North Sea: challenged economics

As SPE Offshore Europe opens its doors, petroleum economist Professor Alex Kemp gives his view on the outlook for the North Sea.

Over the past three years the North Sea oil and gas industry has made a very painful adjustment to the dramatic fall in oil prices. Costs have been dramatically cut, accompanied by substantial job losses and rates reductions.

Oil & Gas UK estimates that average unit development costs have fallen from US$23.90/boe, in 2014, to $15.20/boe in 2016, and possibly $8 - $10/boe in 2017. Average operating costs are similarly estimated to have fallen from $29.70/boe in 2014, to $21.10/boe in 2016, and possibly $14.10 - $14.60/boe in 2017.

These are astonishing changes. Economic modelling by Linda Stephen and the present author indicate that the near-term effects of substantial cost reductions greatly reduce the income of the whole supply chain. But in the medium and longer term, the development of new projects may be incentivised to such an extent that the total income of the supply chain exceeds what it would have been before the cost reductions were implemented.

The industry’s performance in terms of production efficiency has improved substantially since it reached a low of 60% in 2012. It now exceeds 71% reflecting major improvements to a wide range of operating procedures. This has been at least partly responsible for the increase in production from 1.49 MMboe/d in 2014 to 1.73 MMboe/d in 2016, with a further increase to over 1.8 MMboe/d in 2017 being very possible.

While these developments are clearly encouraging, there are other less favourable trends. The UKCS is a mature province. The average size of a new development is now only c.20 MMboe. The perceived prospectivity among investors reflects this and explains, at least in part, recent very low levels of exploration, even with c.$100/bbl oil. Recently, drilling costs have reduced substantially, and significant seismic data have been made freely available. Whether these factors will really enhance the exploration effort remains an open question. The success rate could be increased, but the likely size of discovery remains small, with the possible exception of West of Shetlands, where costs remain particularly high.

For the long term, detailed economic modelling by Linda Stephen and the present author suggests that, with a $60 investment screening price (reflecting the “lower for longer” scenario), aggregate production from 2017-2050 could be around 11 billion boe. This compares with over 43 billion boe produced since 1967. The modelling indicates that investment expenditure on new field developments falls substantially over the next few years. Yearly production peaks in the near future and declines to very low levels by 2050.

Image: Professor Alex Kemp. 

But, this leaves a large unexploited potential. At the $60 price and with modest exploration success it is around 5.6 billion boe. The resources are in more than 180 fields, mostly small pools each containing reserves of less than 50 MMboe. If $50 were the investment screening price, the unexploited potential is nearly 7 billion boe contained in over 270 fields. Further economic modelling, based on an oil price rising in real terms to $100 in 2050, indicates that many of the fields become viable and cumulative production from 2017 could increase to c. 16 billion boe.  This is predicated on costs rising only in line with general inflation, which must have a relatively low probability. But, a combination of higher oil prices and substantial cost reducing technological progress could have a major effect.

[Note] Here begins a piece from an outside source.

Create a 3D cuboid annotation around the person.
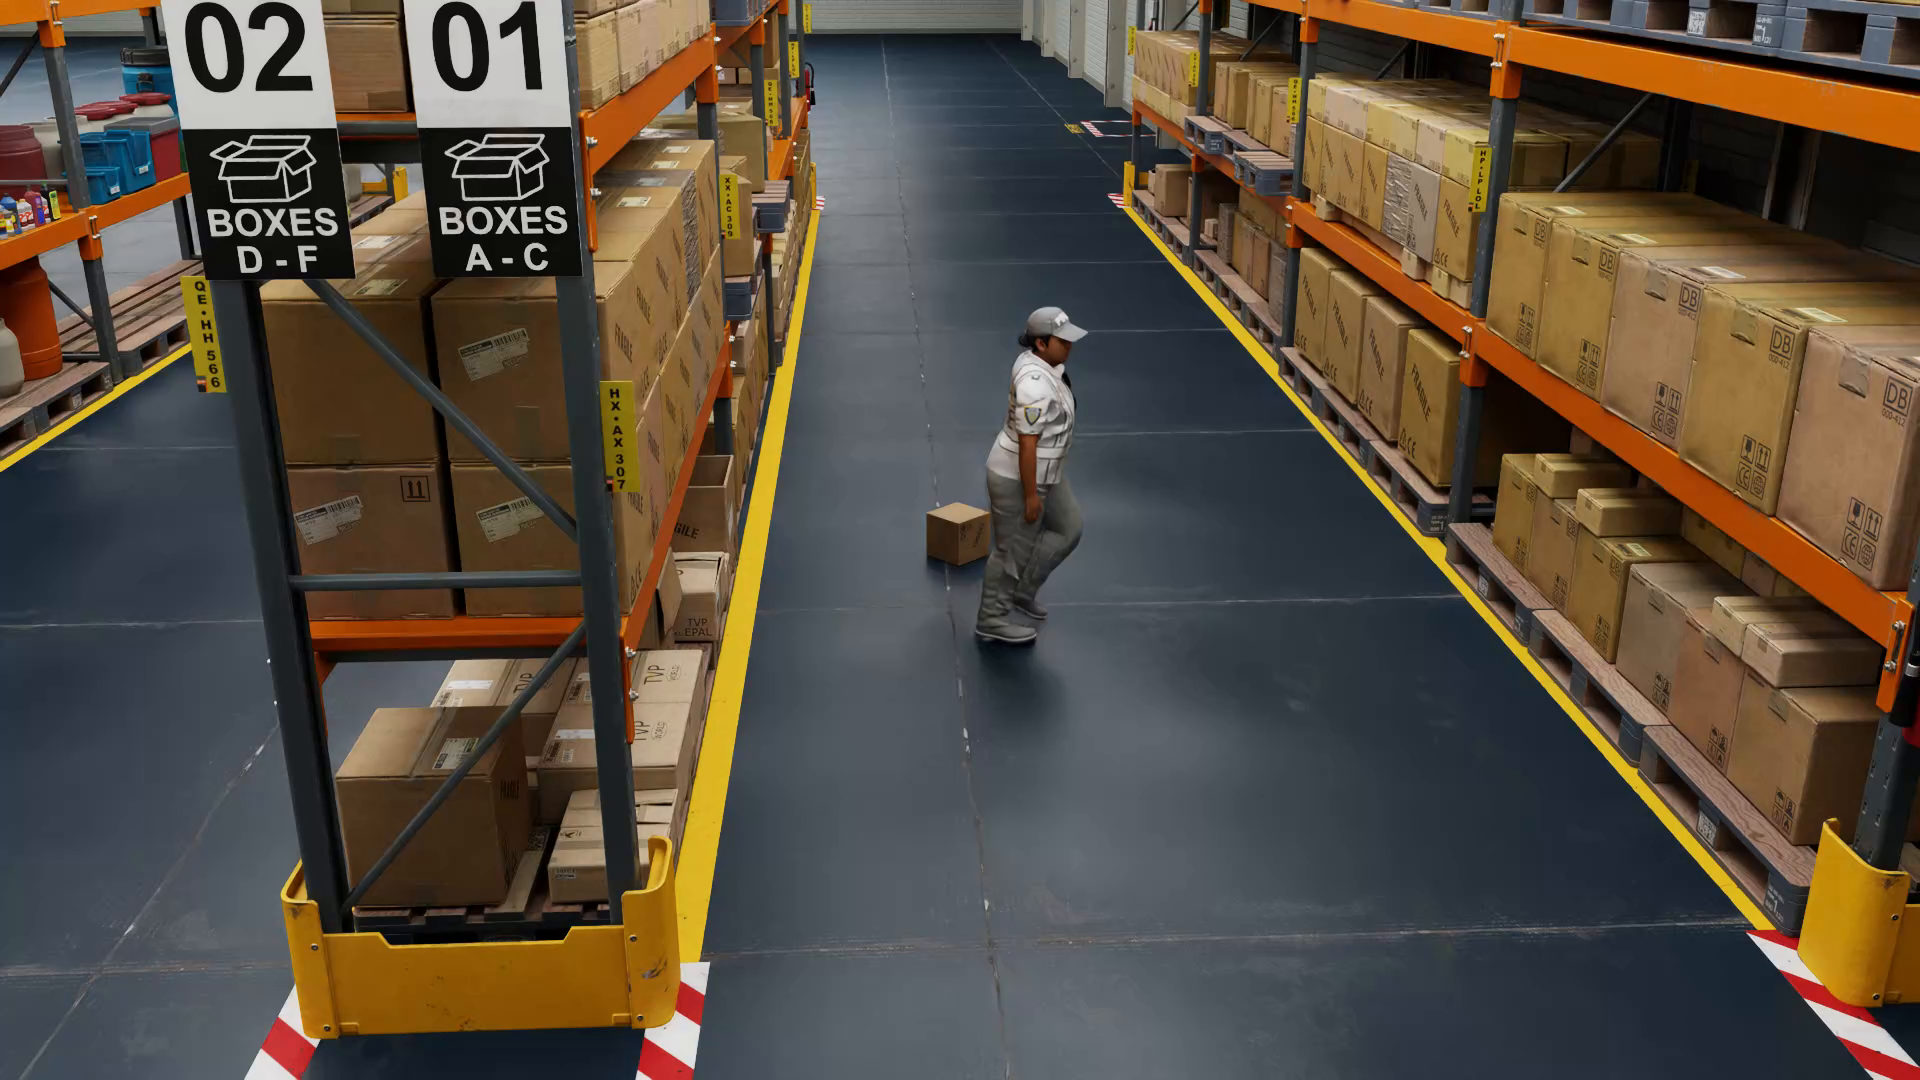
[{"bbox_3d":[0.331,-0.295,7.825,0.511,1.647,0.527,3,21,9],"label":"person"}]
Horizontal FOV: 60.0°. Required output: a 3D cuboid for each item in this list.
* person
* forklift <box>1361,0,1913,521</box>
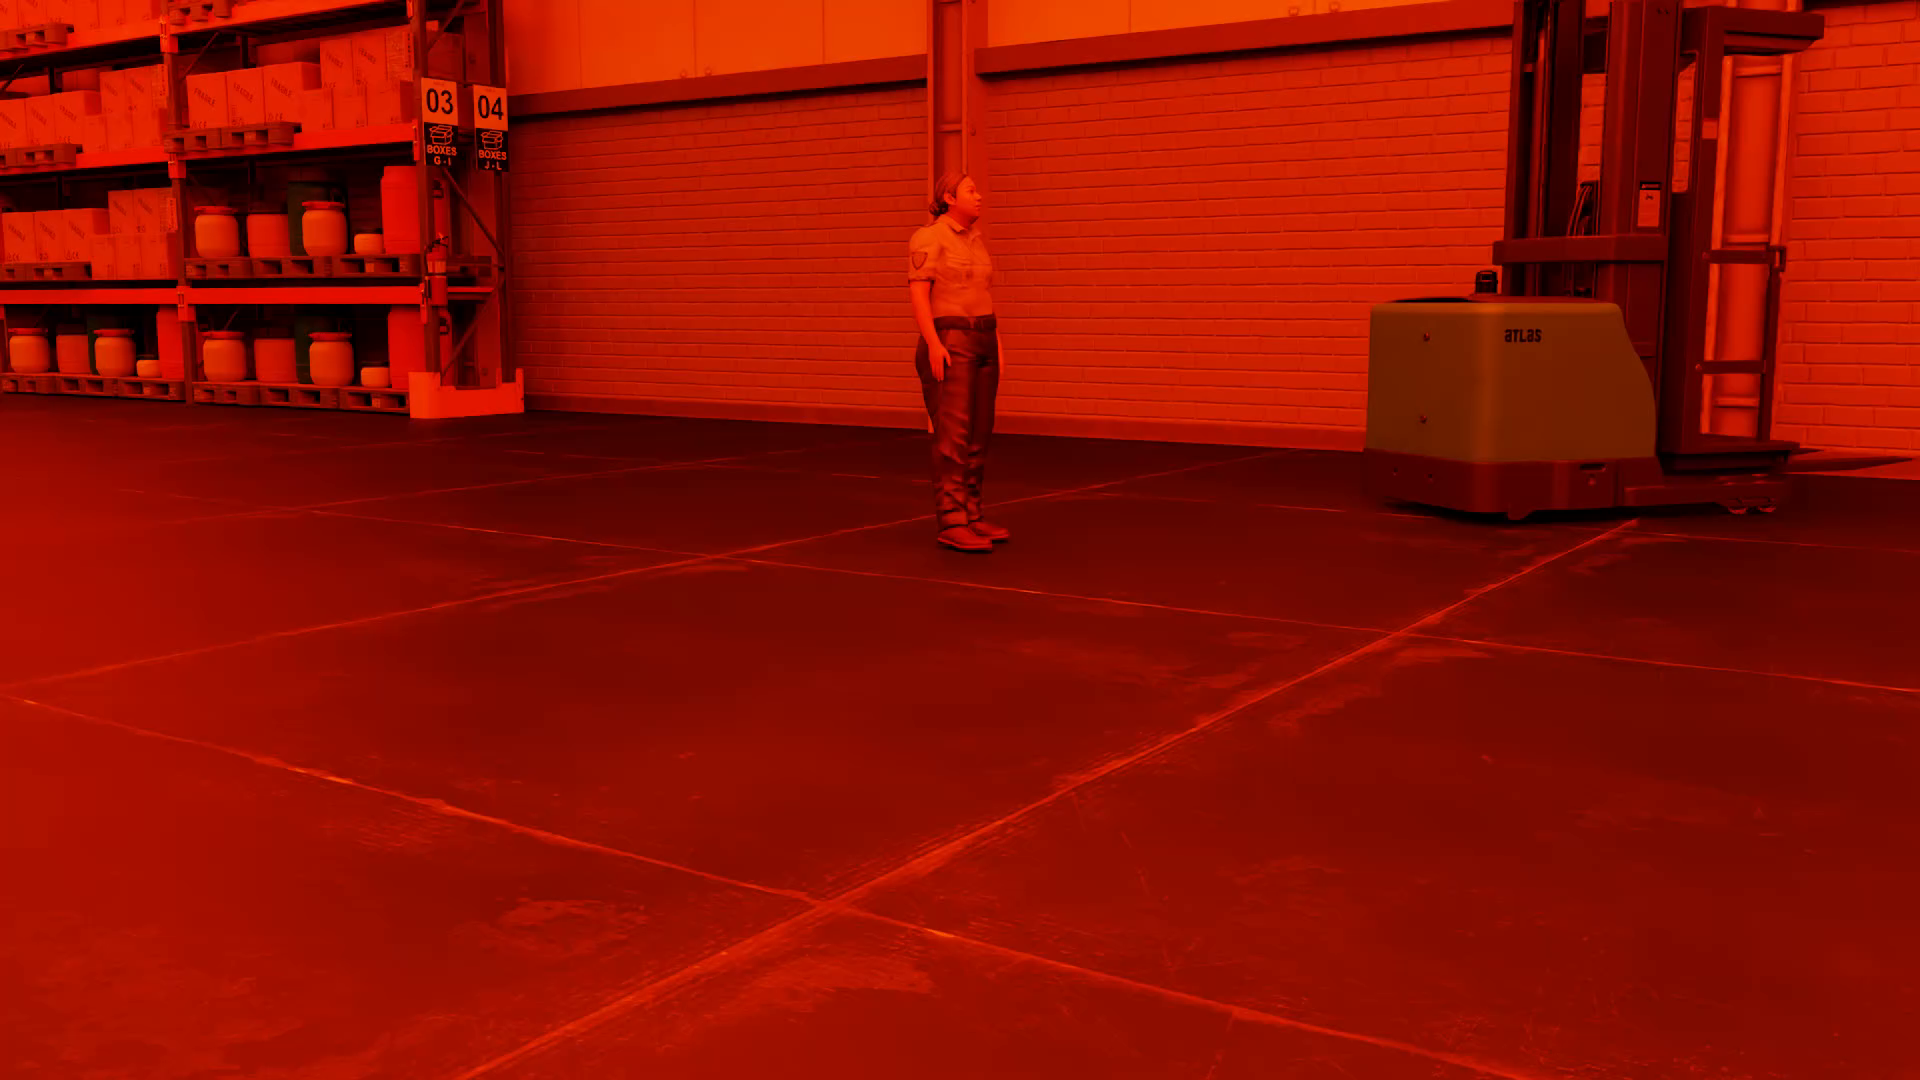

The challenge for the industry, the Oil and Gas Authority (OGA) and the new Oil and Gas Technology Centre is clearly to render viable many of these discoveries. Success would make a major difference to activity levels.  Enhancing recovery from c.11 billion boe to c.16 billion boe would greatly increase the value-added of the whole supply chain in particular, i.e. cumulative development expenditure to 2050 could rise from c. £89-183 billion. Total operating expenditure could increase from c. £124-195 billion.

In its relatively short life, the OGA has been very busy in promoting activity and encouraging collaboration in pursuit of the maximization of economic recovery. The fruits of its effort have mostly still to come. Productivity enhancing research and development has a major role to play in the future of the whole province following a period of arguably less than optimal work in this space. 

Taxation incentives continue to have a substantial role to play. The reductions in the overall rates of tax plus the Investment Allowance for Supplementary Charge have positively impacted on expected cash flows in the very difficult recent conditions. Late field life asset sales from licensees who do not regard them as core business to others who are interested in acquiring them can enhance economic recovery. It is important that the tax system does not put impediments in the way of this. Decommissioning obligations being transferred to buyers can cause difficulties because of insufficient tax capacity against which to set the losses. This problem can be alleviated by allowing the tax history of the seller to be transferred to the buyer when an asset transaction occurs. There is a case for changing the tax rules to permit such transfers.